__Instructions to follow__. Of all the entries below, retype only the lines from the one with "Is everyone standing in this picture?" through the one with "Is the branch", exactly as they appear.

----- Excerpted records

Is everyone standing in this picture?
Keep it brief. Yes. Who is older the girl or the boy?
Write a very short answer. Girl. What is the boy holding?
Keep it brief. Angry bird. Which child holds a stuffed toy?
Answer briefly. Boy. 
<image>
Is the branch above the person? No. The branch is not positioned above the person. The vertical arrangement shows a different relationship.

----------
----- Excerpted records

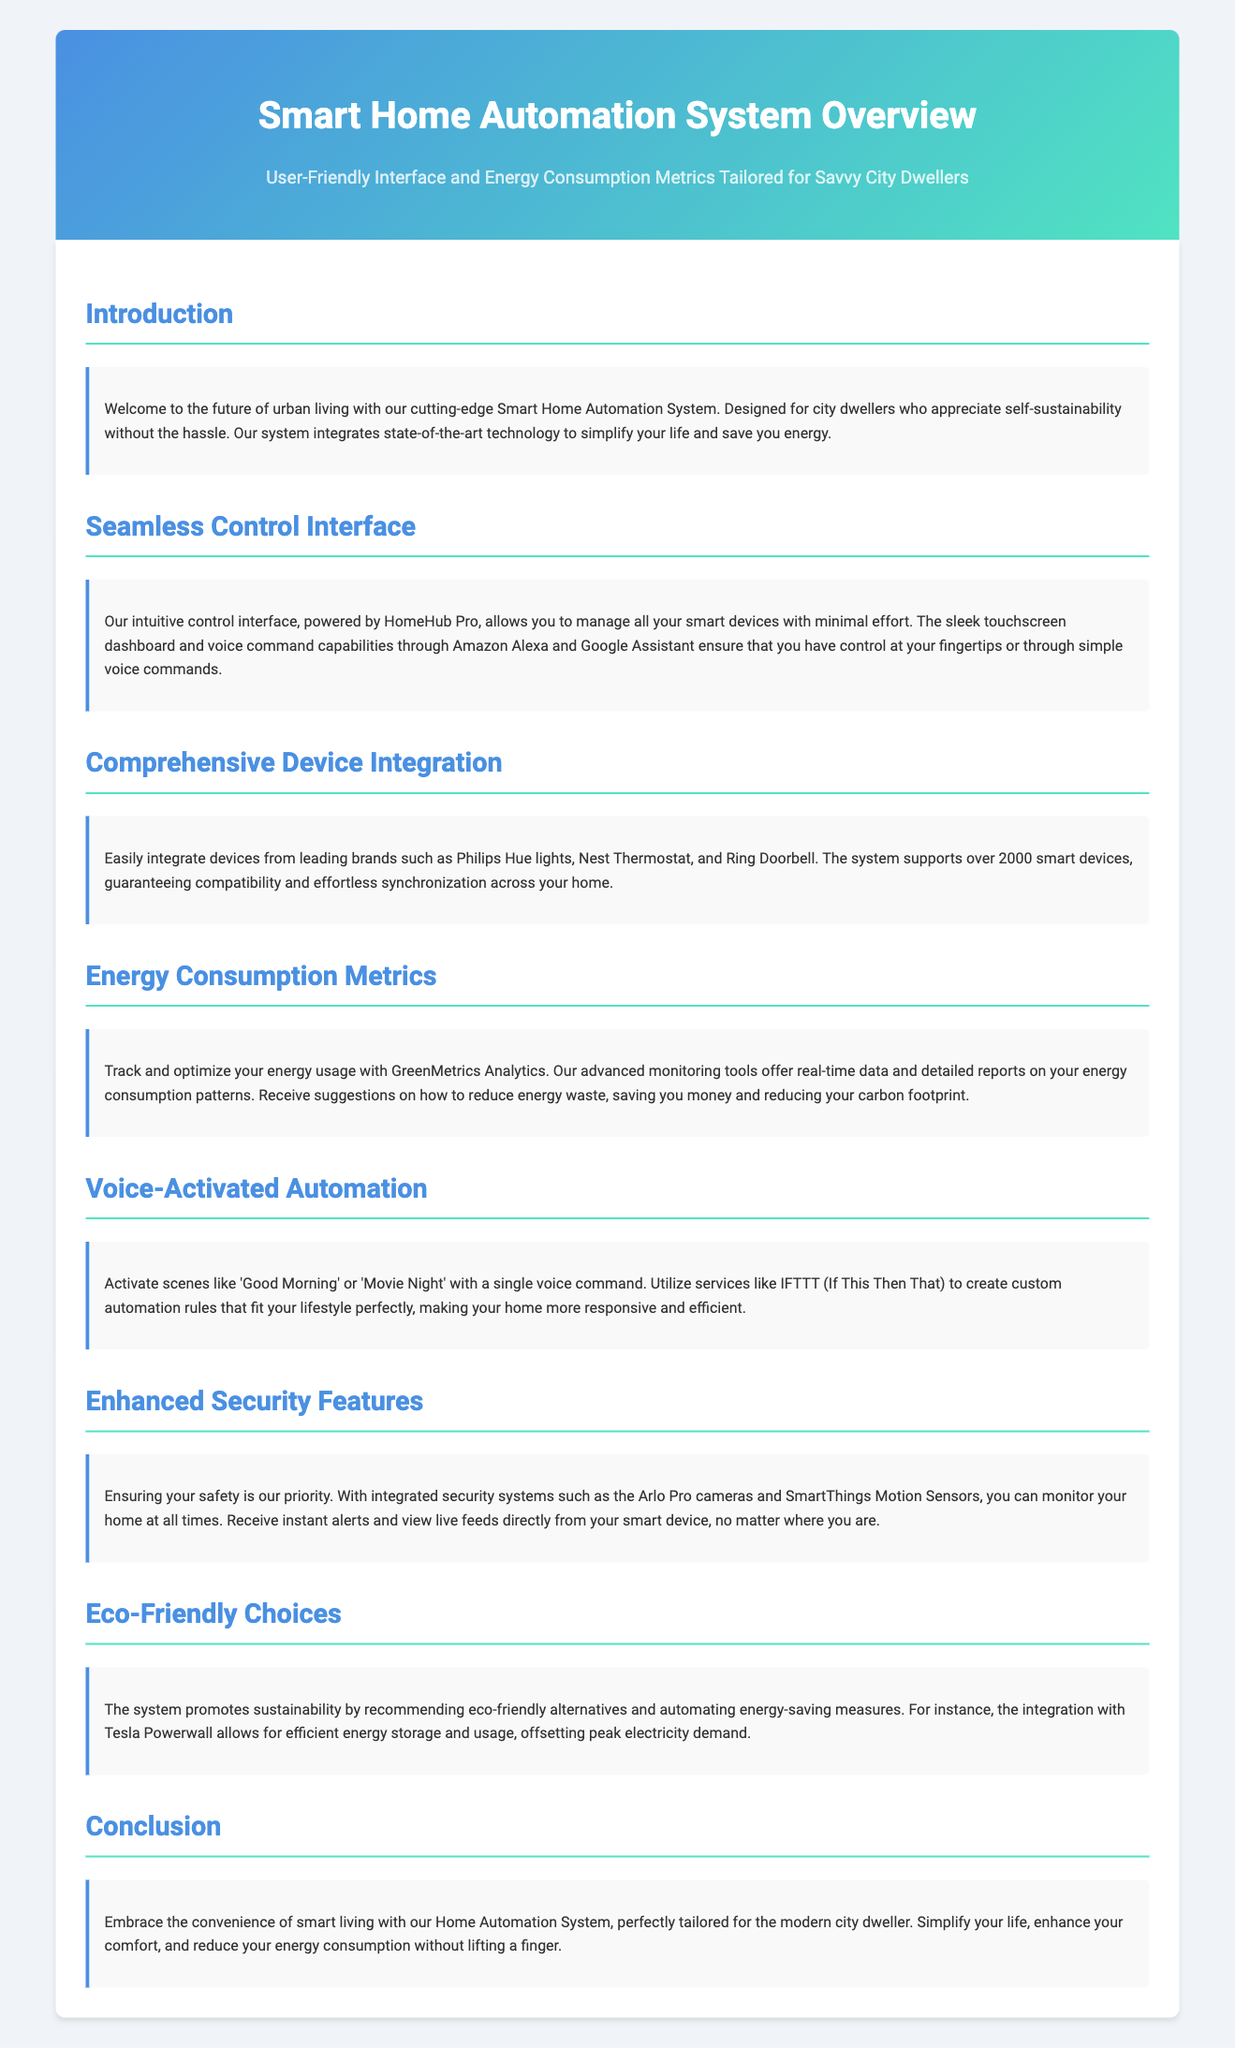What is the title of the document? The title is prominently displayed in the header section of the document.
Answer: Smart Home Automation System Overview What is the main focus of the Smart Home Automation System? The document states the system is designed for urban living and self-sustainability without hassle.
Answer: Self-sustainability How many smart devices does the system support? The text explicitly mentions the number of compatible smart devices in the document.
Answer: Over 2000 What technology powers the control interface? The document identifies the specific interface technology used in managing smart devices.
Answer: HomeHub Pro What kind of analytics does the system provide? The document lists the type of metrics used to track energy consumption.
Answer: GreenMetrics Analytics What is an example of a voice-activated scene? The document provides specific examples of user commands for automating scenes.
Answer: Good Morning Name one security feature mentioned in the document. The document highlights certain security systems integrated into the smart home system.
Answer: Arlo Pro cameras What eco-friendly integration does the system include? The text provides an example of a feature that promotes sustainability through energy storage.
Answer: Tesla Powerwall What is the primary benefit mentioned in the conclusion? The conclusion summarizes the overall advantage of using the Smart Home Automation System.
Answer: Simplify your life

----------
----- Excerpted records

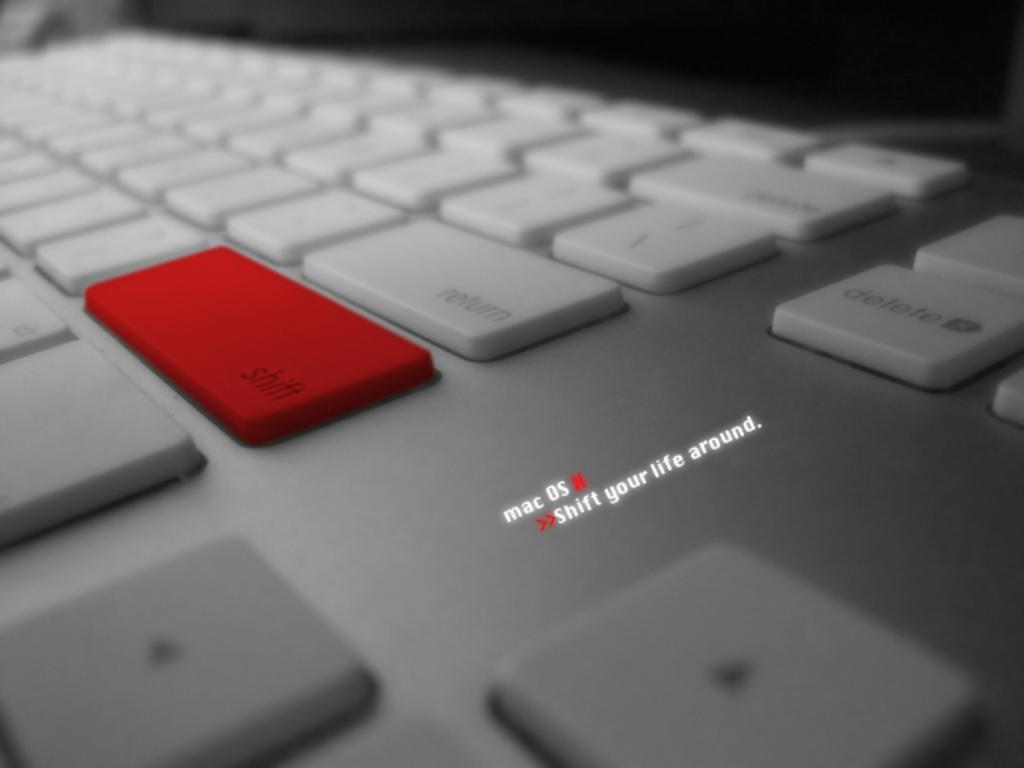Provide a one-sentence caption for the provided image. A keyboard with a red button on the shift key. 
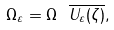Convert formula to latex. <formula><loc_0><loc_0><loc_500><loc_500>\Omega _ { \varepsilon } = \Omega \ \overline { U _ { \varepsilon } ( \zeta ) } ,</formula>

----------

__Response area__.
Is everyone standing in this picture?
Keep it brief. Yes. Who is older the girl or the boy?
Write a very short answer. Girl. What is the boy holding?
Keep it brief. Angry bird. Which child holds a stuffed toy?
Answer briefly. Boy. 
<image>
Is the branch above the person? No. The branch is not positioned above the person. The vertical arrangement shows a different relationship.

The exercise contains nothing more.